Thanx a lot guys i got the hp 6516tx and the machine is kick a$$ vista is simply beautiful on this baby


----------



## infra_red_dude (Aug 6, 2007)

^^^ congrats manan... so all set to install mac os x on this??!!


----------



## aryayush (Aug 6, 2007)

_"naah it such crap os... not havin basic like cut...  dragging icon to dock deltes it... application folder get delete n i dunno where it go, u cant even save txt files... what crap  vista is 1000 times better. i no install mac os on my new latpop "_


----------



## iMav (Aug 6, 2007)

not on the lappy ... on the desktop its still there coz im waiting to show thinkdigit how stupid the leopard is  again no cut-paste there too


----------



## aryayush (Aug 6, 2007)

Oh, I'm sure having Tiger installed is completely unrelated to having Leopard. Having a cracked version of Tiger installed on a PC is not going to make it any easier to install a cracked version of Leopard.

If you'd really not wanted to use the OS, it would have been long gone from both your computers.


----------



## iMav (Aug 6, 2007)

only reason os x is still there is that i like the "yo" factor and status quotient related to having a mac os running on a pc .... u wont understand coz inidently apple sells its computers by advertising that it can windows, MS doesnt  ...


----------



## aryayush (Aug 7, 2007)

iMav said:
			
		

> only reason os x is still there is that i like the "yo" factor and status quotient related to having a mac os running on a pc


Imagine what that ""yo" factor and status quotient" would be like if it was the real deal!
Thankfully, you'll never know.


----------



## iMav (Aug 7, 2007)

ya but u see that is where sensibility comes into account ... the mac machine would be more of yo factor but less of productive work as far as im concerned but now i have the best of both worlds ...


----------



## gxsaurav (Aug 7, 2007)

aryayush said:
			
		

> _"naah it such crap os... not havin basic like cut...  dragging icon to dock deltes it... application folder get delete n i dunno where it go, u cant even save txt files... what crap  vista is 1000 times better. i no install mac os on my new latpop "_



So, you are admitting again that Mac sux. 

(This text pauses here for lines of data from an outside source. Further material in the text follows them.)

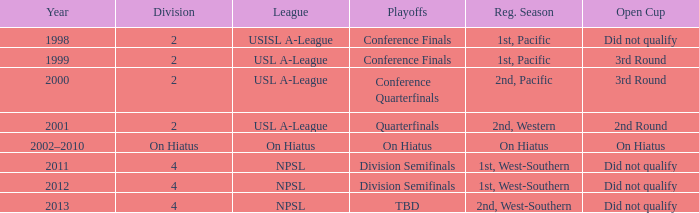Which playoffs took place during 2011? Division Semifinals. 
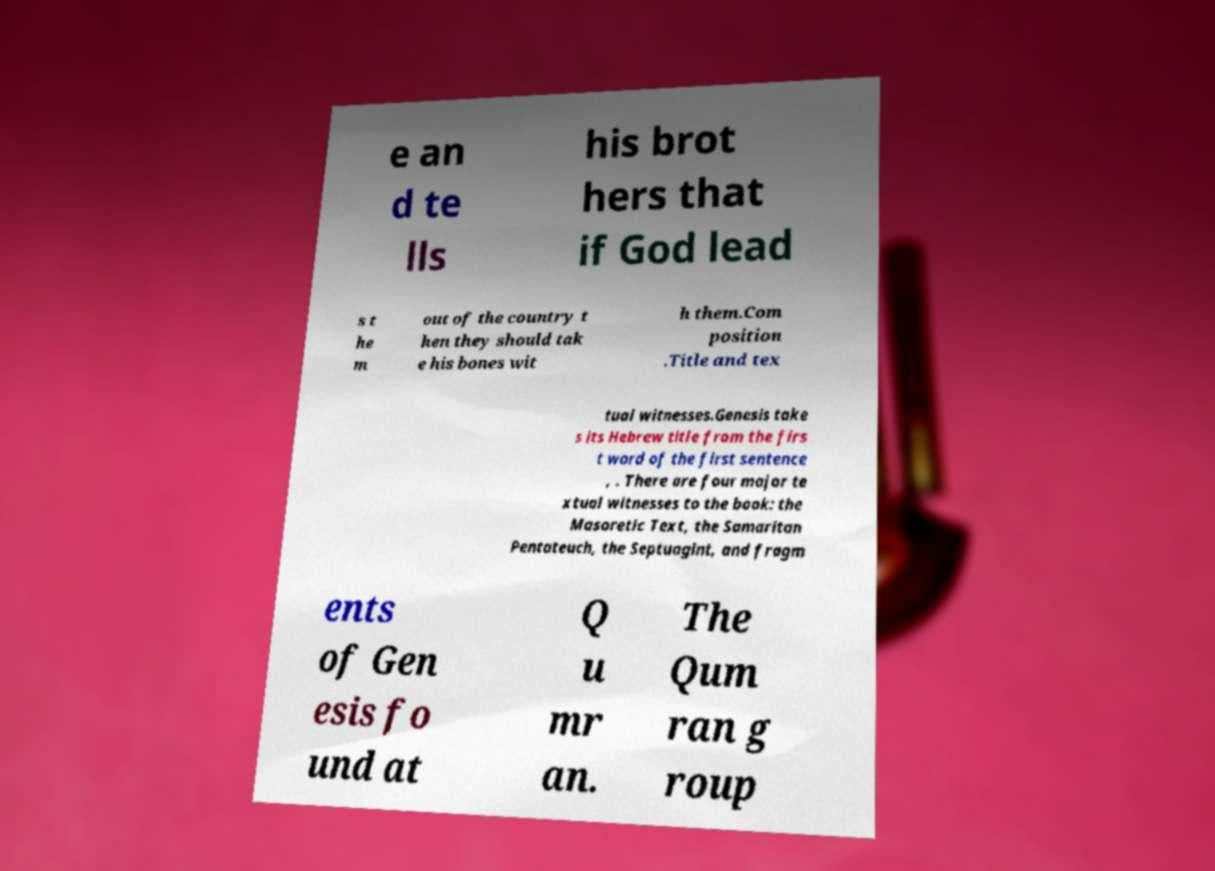Please read and relay the text visible in this image. What does it say? e an d te lls his brot hers that if God lead s t he m out of the country t hen they should tak e his bones wit h them.Com position .Title and tex tual witnesses.Genesis take s its Hebrew title from the firs t word of the first sentence , . There are four major te xtual witnesses to the book: the Masoretic Text, the Samaritan Pentateuch, the Septuagint, and fragm ents of Gen esis fo und at Q u mr an. The Qum ran g roup 
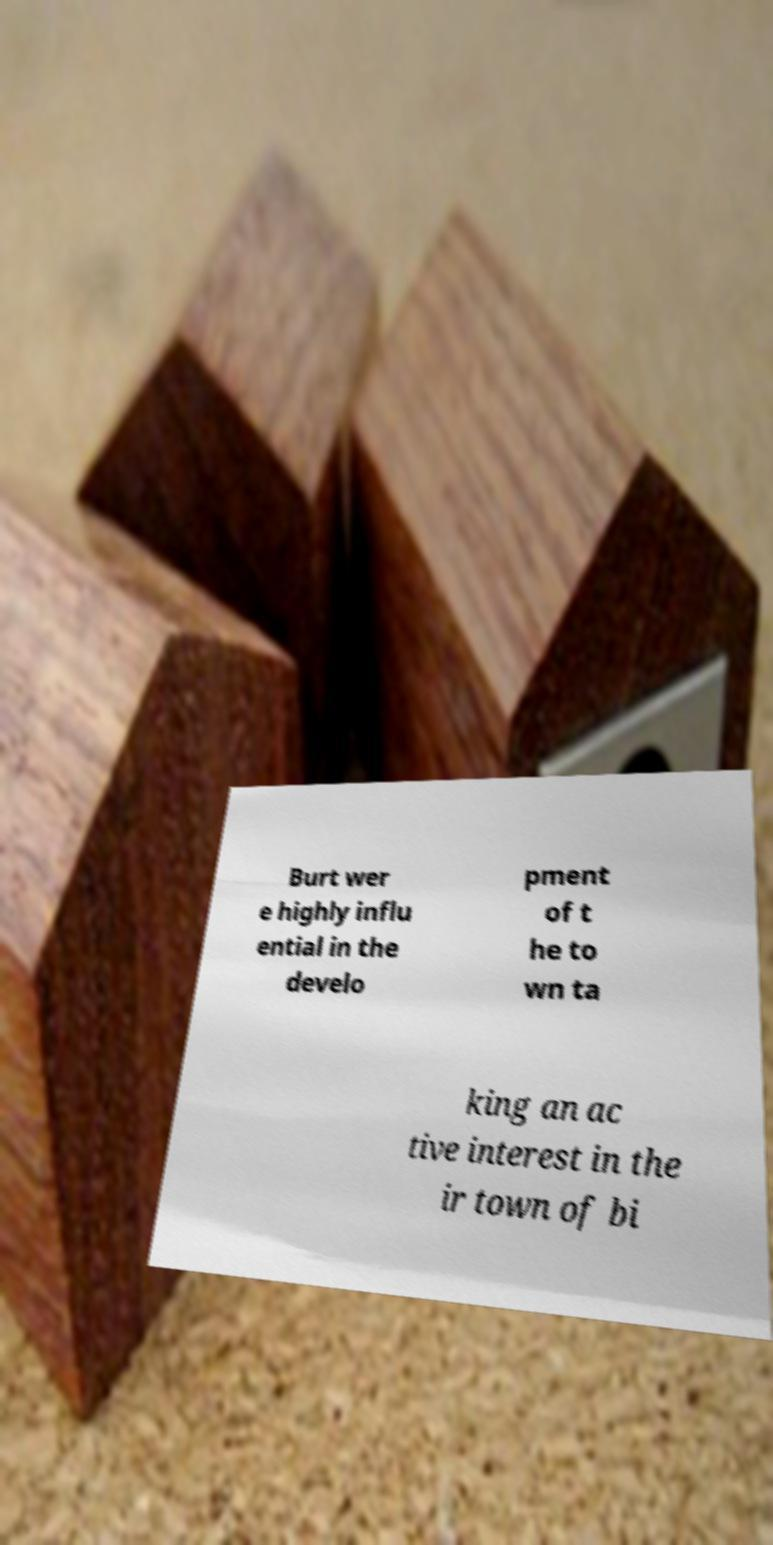Can you accurately transcribe the text from the provided image for me? Burt wer e highly influ ential in the develo pment of t he to wn ta king an ac tive interest in the ir town of bi

> Having a cracked version of Tiger installed on a PC is not going to make it any easier to install a cracked version of Leopard.



Lolz....& I thought u know how Mac OS X works 



> If you'd really not wanted to use the OS, it would have been long gone from both your computers.



One reason for which even I m using OS X, Just look at the UI, it looks so cool 

Besides, it also shows that unlike what Apple advertises...PCs can run any OS out there


> magine what that ""yo" factor and status quotient" would be like if it was the real deal!
> Thankfully, you'll never know.



Since you don't know how to run Mac OS X on a PC & how good it runs on my hardware, u have nothing to compare to. Boy, the Mac OS X we are using is the real thing, the one u r using. Just that I got it on my dirt cheap 4 years old computer for which u had to pay Rs 1.5lakh


----------